▶ Your instructions:
From the listing below, pull out the lines that hold "Read".

^^^^^^^^

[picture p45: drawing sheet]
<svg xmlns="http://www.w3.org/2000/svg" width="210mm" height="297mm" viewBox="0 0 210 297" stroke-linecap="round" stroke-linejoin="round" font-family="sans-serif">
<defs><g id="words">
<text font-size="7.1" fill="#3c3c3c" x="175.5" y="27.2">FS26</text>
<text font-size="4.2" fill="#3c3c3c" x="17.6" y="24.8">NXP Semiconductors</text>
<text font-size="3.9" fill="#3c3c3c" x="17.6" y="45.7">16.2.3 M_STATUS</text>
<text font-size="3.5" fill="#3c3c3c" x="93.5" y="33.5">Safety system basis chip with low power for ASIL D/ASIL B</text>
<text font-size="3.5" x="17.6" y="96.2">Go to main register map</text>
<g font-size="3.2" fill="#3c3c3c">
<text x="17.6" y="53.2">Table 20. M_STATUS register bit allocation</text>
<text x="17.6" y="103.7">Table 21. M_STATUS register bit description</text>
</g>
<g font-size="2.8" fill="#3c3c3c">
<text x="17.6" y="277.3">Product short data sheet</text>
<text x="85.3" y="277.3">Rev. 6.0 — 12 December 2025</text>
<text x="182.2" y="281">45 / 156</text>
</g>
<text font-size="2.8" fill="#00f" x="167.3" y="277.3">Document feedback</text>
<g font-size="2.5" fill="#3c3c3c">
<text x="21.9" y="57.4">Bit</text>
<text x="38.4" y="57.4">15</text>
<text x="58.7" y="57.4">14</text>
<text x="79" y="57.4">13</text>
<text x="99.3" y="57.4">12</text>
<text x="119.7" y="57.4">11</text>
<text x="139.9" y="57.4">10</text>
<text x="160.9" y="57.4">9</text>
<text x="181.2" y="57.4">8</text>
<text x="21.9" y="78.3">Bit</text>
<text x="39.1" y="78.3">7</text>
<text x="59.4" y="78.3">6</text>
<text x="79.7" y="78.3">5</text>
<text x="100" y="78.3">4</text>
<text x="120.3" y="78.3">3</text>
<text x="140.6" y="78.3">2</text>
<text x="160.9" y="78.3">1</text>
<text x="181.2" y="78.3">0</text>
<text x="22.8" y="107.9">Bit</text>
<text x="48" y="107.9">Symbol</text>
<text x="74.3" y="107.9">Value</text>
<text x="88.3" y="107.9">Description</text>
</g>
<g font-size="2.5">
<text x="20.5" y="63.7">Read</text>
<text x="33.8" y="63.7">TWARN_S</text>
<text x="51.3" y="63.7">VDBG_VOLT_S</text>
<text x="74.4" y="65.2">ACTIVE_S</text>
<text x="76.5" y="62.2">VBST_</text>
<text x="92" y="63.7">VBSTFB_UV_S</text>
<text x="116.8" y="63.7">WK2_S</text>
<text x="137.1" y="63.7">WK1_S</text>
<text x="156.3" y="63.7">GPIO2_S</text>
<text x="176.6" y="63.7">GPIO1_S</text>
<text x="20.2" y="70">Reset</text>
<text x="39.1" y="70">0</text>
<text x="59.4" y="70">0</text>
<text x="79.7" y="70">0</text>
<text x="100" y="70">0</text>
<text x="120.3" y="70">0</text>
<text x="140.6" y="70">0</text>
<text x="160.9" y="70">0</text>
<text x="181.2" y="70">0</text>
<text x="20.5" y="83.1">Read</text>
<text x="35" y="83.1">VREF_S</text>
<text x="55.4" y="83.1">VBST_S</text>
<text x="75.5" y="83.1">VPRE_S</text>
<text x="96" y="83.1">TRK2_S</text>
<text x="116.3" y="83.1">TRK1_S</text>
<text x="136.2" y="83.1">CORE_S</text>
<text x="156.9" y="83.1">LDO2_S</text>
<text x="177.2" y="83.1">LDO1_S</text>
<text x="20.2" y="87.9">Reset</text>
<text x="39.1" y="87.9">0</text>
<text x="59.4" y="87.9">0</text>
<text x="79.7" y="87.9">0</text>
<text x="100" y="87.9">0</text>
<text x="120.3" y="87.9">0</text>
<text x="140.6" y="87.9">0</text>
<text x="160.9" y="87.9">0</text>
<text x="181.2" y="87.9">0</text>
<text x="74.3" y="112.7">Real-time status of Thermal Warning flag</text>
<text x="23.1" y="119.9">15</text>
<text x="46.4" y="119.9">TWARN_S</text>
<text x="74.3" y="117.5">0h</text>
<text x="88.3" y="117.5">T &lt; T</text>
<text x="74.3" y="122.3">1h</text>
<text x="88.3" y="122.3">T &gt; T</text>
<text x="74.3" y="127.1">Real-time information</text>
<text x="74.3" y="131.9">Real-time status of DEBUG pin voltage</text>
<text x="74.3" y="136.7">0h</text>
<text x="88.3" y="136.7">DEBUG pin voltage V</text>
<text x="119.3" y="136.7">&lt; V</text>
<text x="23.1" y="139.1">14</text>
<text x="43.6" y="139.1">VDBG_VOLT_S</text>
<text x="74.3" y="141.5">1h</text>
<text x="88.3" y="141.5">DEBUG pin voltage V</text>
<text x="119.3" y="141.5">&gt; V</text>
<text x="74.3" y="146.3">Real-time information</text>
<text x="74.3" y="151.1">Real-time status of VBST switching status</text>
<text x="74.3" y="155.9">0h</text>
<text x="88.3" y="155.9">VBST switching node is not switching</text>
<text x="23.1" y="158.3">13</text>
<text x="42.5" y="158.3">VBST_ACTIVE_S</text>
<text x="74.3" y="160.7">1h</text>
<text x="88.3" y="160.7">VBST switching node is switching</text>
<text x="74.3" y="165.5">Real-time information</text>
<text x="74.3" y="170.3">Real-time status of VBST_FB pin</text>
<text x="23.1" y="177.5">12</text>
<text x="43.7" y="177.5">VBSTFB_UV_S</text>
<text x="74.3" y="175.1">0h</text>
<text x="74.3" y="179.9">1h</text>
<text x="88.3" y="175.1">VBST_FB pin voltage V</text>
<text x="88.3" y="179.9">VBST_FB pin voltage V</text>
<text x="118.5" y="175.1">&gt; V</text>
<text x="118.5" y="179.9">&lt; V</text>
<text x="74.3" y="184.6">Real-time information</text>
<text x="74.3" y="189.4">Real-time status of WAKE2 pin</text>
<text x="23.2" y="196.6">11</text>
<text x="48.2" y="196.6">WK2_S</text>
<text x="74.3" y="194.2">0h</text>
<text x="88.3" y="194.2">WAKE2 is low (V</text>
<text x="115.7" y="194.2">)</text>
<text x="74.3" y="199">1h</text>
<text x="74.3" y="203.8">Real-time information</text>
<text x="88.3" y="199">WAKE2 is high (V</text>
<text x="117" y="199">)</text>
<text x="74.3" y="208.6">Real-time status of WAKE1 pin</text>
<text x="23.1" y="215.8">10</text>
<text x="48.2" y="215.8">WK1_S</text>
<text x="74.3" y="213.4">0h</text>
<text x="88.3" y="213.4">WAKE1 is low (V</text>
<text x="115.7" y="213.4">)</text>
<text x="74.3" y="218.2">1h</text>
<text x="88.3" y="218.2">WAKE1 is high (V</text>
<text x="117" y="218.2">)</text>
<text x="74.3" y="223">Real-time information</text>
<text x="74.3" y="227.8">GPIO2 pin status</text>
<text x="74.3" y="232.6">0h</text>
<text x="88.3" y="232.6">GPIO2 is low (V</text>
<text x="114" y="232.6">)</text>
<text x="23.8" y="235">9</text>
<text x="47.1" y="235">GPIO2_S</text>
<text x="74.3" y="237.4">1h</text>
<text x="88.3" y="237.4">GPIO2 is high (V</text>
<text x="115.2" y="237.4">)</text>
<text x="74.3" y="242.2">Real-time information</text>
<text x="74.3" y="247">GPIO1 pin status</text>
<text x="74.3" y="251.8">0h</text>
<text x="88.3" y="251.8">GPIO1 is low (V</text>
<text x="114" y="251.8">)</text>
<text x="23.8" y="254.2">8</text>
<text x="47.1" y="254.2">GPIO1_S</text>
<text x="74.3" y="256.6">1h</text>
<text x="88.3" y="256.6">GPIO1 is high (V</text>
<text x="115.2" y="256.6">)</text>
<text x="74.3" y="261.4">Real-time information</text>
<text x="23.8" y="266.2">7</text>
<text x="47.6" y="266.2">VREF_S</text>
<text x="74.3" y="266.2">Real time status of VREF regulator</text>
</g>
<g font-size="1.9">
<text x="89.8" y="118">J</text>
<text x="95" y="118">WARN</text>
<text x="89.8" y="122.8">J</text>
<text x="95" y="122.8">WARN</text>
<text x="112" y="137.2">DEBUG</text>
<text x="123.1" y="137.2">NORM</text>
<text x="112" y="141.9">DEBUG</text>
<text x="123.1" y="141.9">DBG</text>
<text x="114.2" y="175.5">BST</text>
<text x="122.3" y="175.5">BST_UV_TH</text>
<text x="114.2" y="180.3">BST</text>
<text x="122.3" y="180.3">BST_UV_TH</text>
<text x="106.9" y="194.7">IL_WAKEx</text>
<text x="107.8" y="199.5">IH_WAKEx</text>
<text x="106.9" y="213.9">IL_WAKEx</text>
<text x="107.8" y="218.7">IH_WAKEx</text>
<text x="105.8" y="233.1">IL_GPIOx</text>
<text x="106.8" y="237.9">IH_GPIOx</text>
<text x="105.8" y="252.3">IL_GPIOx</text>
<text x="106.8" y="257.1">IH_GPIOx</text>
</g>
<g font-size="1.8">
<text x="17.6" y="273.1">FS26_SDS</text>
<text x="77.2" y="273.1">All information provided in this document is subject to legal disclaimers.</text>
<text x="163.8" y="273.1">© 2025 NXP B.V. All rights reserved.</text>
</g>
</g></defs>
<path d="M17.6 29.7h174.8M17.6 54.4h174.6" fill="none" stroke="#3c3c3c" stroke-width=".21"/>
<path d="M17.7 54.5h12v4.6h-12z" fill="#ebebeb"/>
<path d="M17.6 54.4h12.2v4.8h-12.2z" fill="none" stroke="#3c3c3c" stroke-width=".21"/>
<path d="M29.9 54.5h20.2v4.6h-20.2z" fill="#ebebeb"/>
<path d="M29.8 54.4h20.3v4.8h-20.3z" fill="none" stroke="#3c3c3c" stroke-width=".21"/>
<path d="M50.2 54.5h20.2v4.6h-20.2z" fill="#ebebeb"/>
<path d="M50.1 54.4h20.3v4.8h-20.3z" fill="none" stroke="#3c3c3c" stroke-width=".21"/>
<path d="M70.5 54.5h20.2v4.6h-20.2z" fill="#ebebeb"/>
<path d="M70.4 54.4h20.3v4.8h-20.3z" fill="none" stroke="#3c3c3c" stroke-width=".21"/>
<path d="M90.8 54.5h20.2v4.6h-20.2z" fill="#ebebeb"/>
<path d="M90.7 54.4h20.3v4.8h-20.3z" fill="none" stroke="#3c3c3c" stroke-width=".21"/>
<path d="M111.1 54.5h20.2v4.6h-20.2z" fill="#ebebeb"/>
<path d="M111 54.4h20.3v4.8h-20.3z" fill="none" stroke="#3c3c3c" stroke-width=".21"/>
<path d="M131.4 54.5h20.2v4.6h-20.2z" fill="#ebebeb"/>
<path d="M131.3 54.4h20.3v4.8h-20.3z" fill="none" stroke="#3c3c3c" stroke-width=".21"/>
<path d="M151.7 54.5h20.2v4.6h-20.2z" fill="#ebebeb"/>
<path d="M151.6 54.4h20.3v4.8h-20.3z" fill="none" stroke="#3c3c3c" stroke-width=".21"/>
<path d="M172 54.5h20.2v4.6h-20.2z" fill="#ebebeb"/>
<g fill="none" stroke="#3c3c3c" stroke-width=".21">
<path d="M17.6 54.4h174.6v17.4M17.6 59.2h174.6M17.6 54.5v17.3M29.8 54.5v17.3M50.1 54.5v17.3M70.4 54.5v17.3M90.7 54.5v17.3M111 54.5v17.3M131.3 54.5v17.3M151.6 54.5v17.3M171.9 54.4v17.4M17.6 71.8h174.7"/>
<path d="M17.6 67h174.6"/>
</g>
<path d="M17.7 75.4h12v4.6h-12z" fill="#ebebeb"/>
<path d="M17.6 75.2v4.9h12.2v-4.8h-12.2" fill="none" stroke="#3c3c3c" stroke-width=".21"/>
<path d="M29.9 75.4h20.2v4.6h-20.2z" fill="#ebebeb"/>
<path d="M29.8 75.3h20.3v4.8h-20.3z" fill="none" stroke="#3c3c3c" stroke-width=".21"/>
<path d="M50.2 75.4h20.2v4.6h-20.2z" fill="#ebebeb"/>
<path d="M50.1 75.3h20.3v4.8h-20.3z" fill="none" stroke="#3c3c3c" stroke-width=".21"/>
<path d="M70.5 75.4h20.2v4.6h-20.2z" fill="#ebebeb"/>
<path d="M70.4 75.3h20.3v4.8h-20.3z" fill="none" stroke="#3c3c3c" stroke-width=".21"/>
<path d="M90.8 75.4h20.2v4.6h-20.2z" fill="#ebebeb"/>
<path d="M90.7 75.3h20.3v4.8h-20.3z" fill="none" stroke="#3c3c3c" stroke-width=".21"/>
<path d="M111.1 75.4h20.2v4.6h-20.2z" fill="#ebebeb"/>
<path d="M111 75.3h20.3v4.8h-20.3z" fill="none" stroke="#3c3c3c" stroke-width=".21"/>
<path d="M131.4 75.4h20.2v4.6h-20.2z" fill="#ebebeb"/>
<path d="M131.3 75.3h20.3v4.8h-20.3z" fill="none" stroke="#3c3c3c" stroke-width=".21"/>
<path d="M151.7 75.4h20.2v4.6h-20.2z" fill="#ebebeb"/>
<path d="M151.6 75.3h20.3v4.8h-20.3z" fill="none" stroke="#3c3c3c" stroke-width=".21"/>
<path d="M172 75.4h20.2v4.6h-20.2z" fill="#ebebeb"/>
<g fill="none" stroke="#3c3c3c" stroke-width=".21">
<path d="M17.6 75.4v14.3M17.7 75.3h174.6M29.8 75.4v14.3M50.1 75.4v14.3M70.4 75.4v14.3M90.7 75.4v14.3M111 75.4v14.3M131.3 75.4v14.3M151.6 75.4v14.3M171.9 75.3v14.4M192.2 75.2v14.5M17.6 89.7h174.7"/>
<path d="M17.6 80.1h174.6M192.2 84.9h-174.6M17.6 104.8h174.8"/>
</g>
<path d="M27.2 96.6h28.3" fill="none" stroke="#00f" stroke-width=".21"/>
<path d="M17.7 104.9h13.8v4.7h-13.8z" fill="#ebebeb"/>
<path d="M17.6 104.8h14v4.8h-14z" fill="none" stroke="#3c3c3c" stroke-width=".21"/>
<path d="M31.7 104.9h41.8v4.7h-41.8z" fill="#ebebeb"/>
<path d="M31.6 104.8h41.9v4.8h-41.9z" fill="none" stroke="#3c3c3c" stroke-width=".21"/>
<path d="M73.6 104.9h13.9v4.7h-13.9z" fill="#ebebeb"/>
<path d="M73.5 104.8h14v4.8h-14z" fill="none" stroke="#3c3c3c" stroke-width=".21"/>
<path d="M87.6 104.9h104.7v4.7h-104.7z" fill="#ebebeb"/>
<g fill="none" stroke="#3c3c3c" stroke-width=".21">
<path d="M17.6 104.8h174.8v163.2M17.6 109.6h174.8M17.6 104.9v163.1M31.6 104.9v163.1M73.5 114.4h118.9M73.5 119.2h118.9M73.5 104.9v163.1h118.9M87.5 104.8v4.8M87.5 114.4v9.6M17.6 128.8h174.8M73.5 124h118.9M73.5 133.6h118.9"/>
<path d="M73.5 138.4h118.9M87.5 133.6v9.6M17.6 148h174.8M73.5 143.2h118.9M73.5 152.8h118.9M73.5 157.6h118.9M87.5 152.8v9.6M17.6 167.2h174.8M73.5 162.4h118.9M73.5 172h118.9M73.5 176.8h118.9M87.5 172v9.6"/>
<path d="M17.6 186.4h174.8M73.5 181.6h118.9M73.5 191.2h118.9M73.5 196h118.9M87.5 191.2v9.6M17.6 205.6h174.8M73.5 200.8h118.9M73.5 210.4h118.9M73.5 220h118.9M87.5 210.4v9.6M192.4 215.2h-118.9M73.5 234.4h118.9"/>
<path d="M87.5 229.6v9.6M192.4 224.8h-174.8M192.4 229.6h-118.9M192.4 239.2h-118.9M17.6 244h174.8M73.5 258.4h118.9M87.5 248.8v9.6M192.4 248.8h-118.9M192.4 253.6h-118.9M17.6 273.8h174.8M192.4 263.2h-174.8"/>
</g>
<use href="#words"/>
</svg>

^^^^^^^^

▶ Answer section:
<text x="20.5" y="63.7">Read</text>
<text x="20.5" y="83.1">Read</text>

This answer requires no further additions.